Exercise directions: Begin at the line with "Therefore, the approximate" and set down each line exactly until the listing ends. Images stay out.
▬▬▬
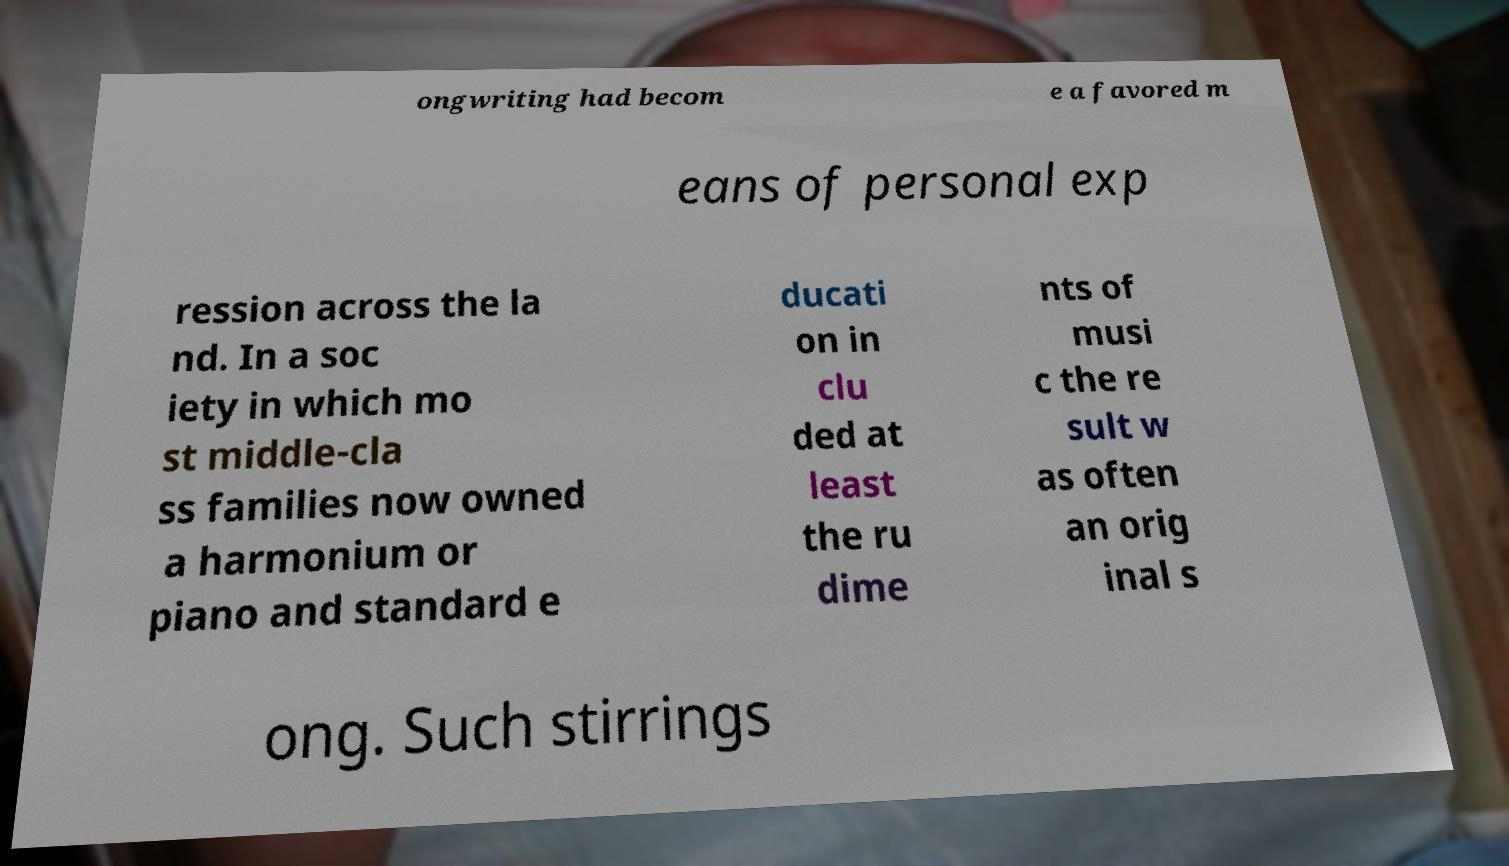Please read and relay the text visible in this image. What does it say? ongwriting had becom e a favored m eans of personal exp ression across the la nd. In a soc iety in which mo st middle-cla ss families now owned a harmonium or piano and standard e ducati on in clu ded at least the ru dime nts of musi c the re sult w as often an orig inal s ong. Such stirrings 
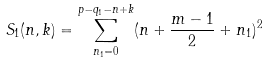<formula> <loc_0><loc_0><loc_500><loc_500>S _ { 1 } ( n , k ) = \sum _ { n _ { 1 } = 0 } ^ { p - q _ { 1 } - n + k } ( n + \frac { m - 1 } { 2 } + n _ { 1 } ) ^ { 2 }</formula> 
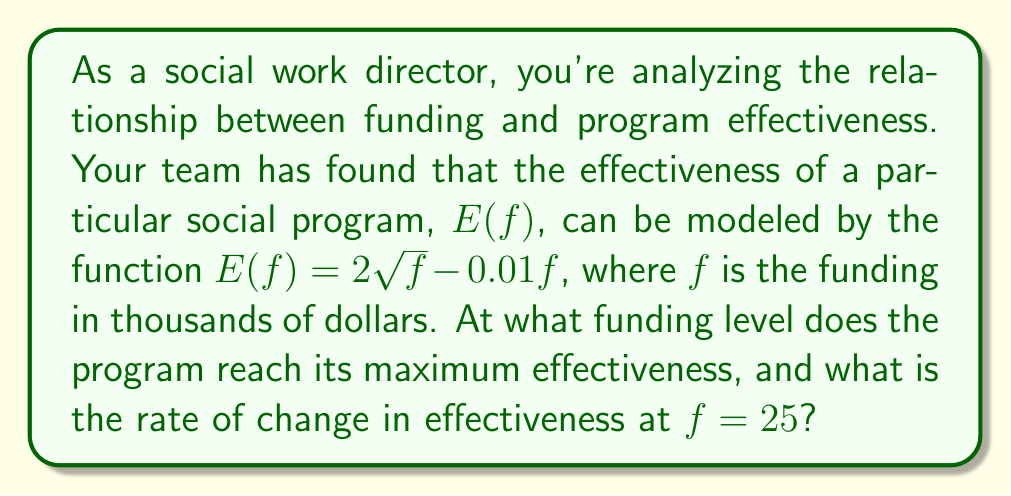Give your solution to this math problem. To solve this problem, we need to use calculus concepts, specifically derivatives.

Step 1: Find the derivative of the effectiveness function.
$$E(f) = 2\sqrt{f} - 0.01f$$
$$E'(f) = \frac{1}{\sqrt{f}} - 0.01$$

Step 2: To find the maximum effectiveness, set the derivative to zero and solve for f.
$$E'(f) = 0$$
$$\frac{1}{\sqrt{f}} - 0.01 = 0$$
$$\frac{1}{\sqrt{f}} = 0.01$$
$$\sqrt{f} = 100$$
$$f = 10,000$$

This means the program reaches its maximum effectiveness at a funding level of $10,000 thousand dollars, or $10 million.

Step 3: To find the rate of change in effectiveness at $f = 25$, we simply need to evaluate the derivative at this point.
$$E'(25) = \frac{1}{\sqrt{25}} - 0.01$$
$$E'(25) = \frac{1}{5} - 0.01$$
$$E'(25) = 0.2 - 0.01 = 0.19$$

This means that at a funding level of $25,000, the rate of change in effectiveness is 0.19 units per thousand dollars.
Answer: Maximum effectiveness at $f = 10,000$; Rate of change at $f = 25$ is $0.19$ 
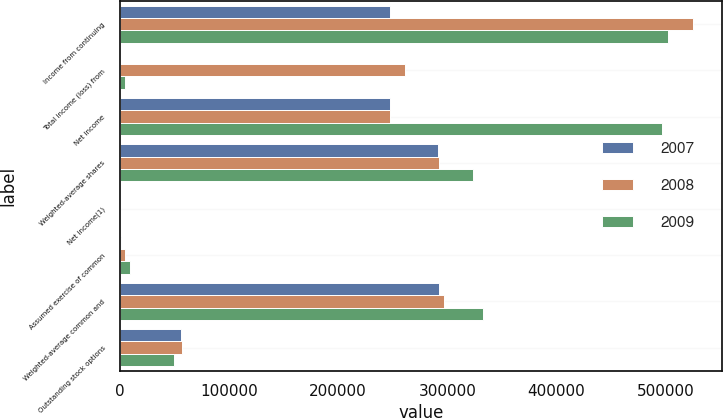Convert chart to OTSL. <chart><loc_0><loc_0><loc_500><loc_500><stacked_bar_chart><ecel><fcel>Income from continuing<fcel>Total income (loss) from<fcel>Net income<fcel>Weighted-average shares<fcel>Net income(1)<fcel>Assumed exercise of common<fcel>Weighted-average common and<fcel>Outstanding stock options<nl><fcel>2007<fcel>247408<fcel>364<fcel>247772<fcel>291385<fcel>0.85<fcel>1313<fcel>292698<fcel>55827<nl><fcel>2008<fcel>525177<fcel>261107<fcel>247408<fcel>292688<fcel>2.69<fcel>4422<fcel>297110<fcel>57364<nl><fcel>2009<fcel>502123<fcel>5216<fcel>496907<fcel>323255<fcel>1.54<fcel>9046<fcel>332301<fcel>49915<nl></chart> 
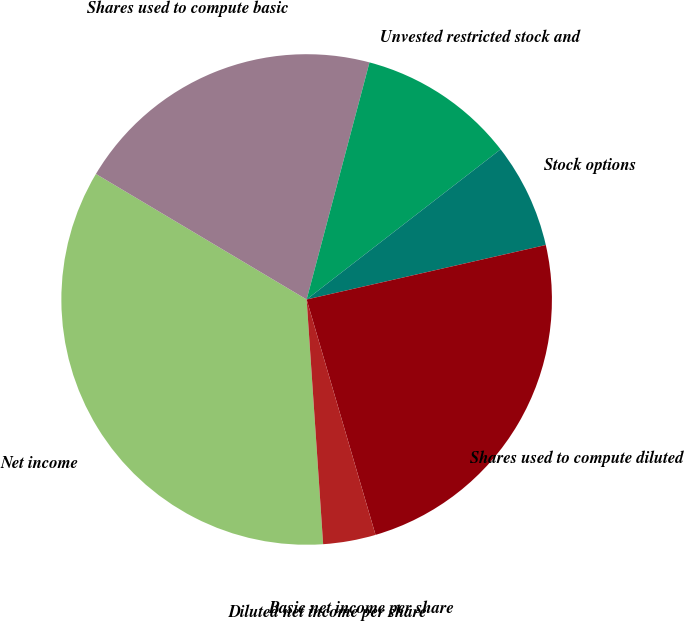Convert chart to OTSL. <chart><loc_0><loc_0><loc_500><loc_500><pie_chart><fcel>Net income<fcel>Shares used to compute basic<fcel>Unvested restricted stock and<fcel>Stock options<fcel>Shares used to compute diluted<fcel>Basic net income per share<fcel>Diluted net income per share<nl><fcel>34.62%<fcel>20.57%<fcel>10.39%<fcel>6.92%<fcel>24.03%<fcel>3.46%<fcel>0.0%<nl></chart> 
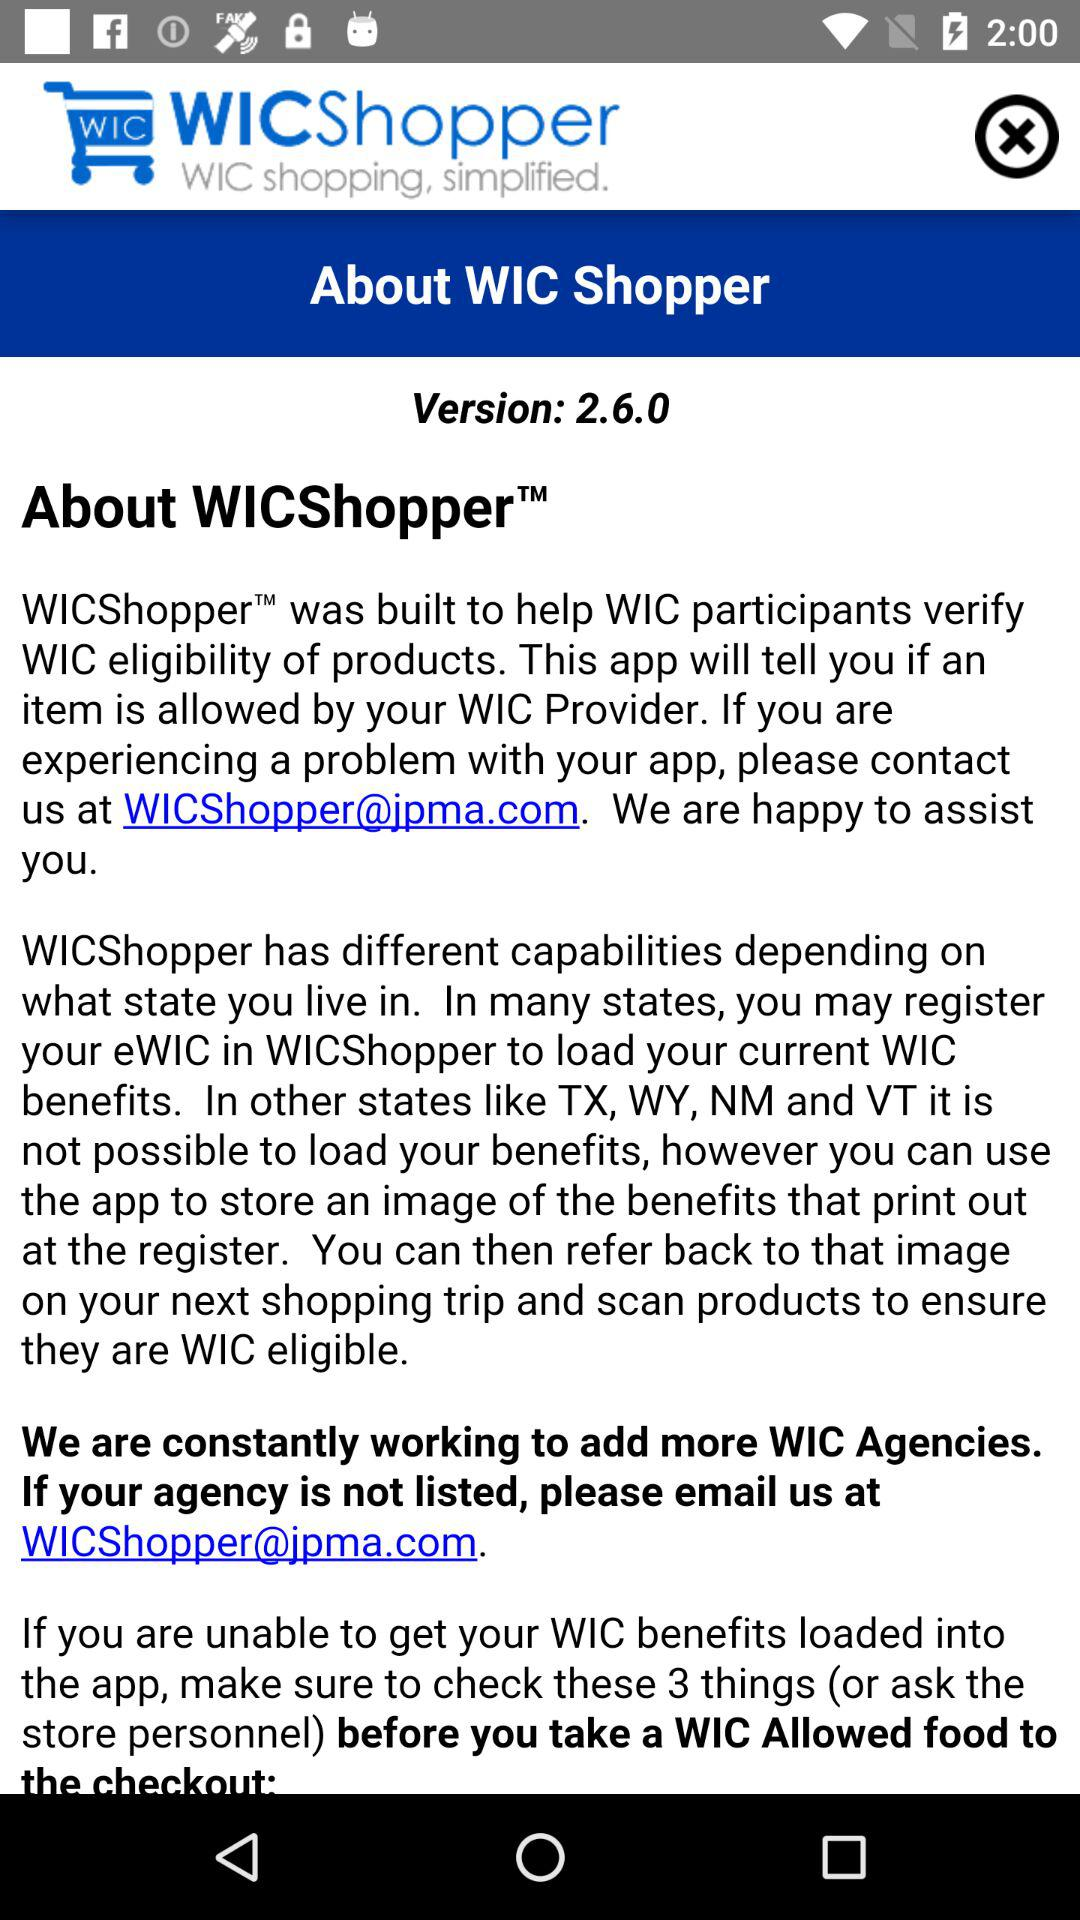What is the shown email address? The shown email address is WICShopper@jpma.com. 
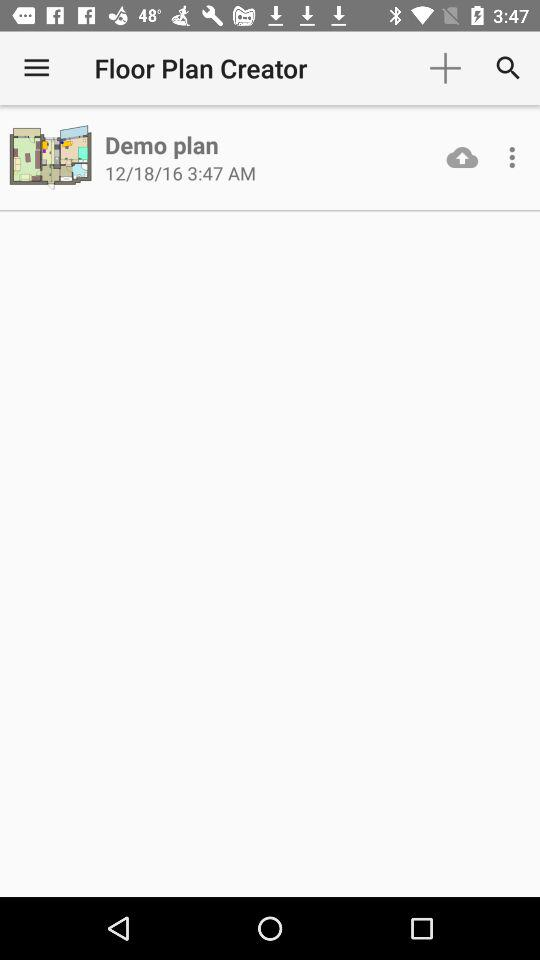What is the time? The time is 3:47 AM. 
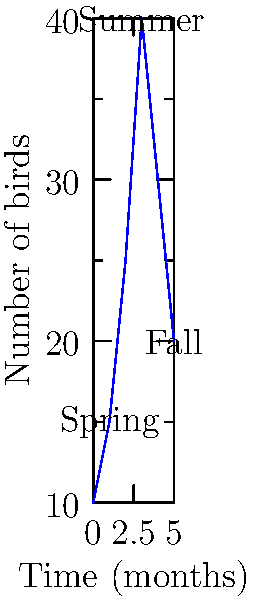Based on the graph showing the spatial distribution of migratory birds in v-formation flight during seasonal transitions, what is the approximate percentage increase in the number of birds from spring to summer? To calculate the percentage increase in the number of birds from spring to summer:

1. Identify the number of birds in spring: approximately 15
2. Identify the number of birds in summer: approximately 40
3. Calculate the difference: 40 - 15 = 25
4. Calculate the percentage increase: (25 / 15) * 100 = 166.67%

Step-by-step calculation:
1. Increase = Summer value - Spring value
   = 40 - 15 = 25
2. Percentage increase = (Increase / Original value) * 100
   = (25 / 15) * 100 = 1.6667 * 100 = 166.67%

Therefore, the approximate percentage increase in the number of birds from spring to summer is 166.67%.
Answer: 166.67% 
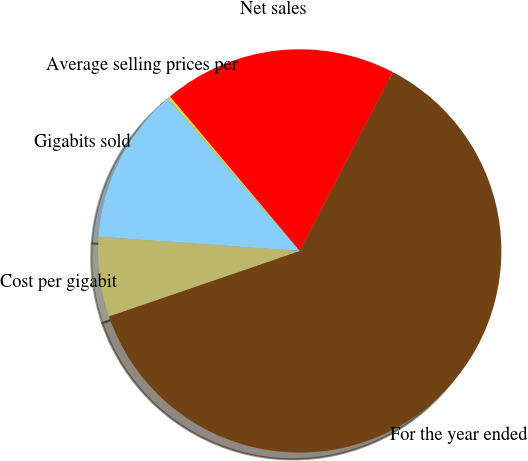<chart> <loc_0><loc_0><loc_500><loc_500><pie_chart><fcel>For the year ended<fcel>Net sales<fcel>Average selling prices per<fcel>Gigabits sold<fcel>Cost per gigabit<nl><fcel>62.11%<fcel>18.76%<fcel>0.19%<fcel>12.57%<fcel>6.38%<nl></chart>
▬▬▬
Exercise answer:
Therefore, the approximate percentage increase in the number of birds from spring to summer is 166.67%.
Answer: 166.67% 
<chart> <loc_0><loc_0><loc_500><loc_500><pie_chart><fcel>For the year ended<fcel>Net sales<fcel>Average selling prices per<fcel>Gigabits sold<fcel>Cost per gigabit<nl><fcel>62.11%<fcel>18.76%<fcel>0.19%<fcel>12.57%<fcel>6.38%<nl></chart>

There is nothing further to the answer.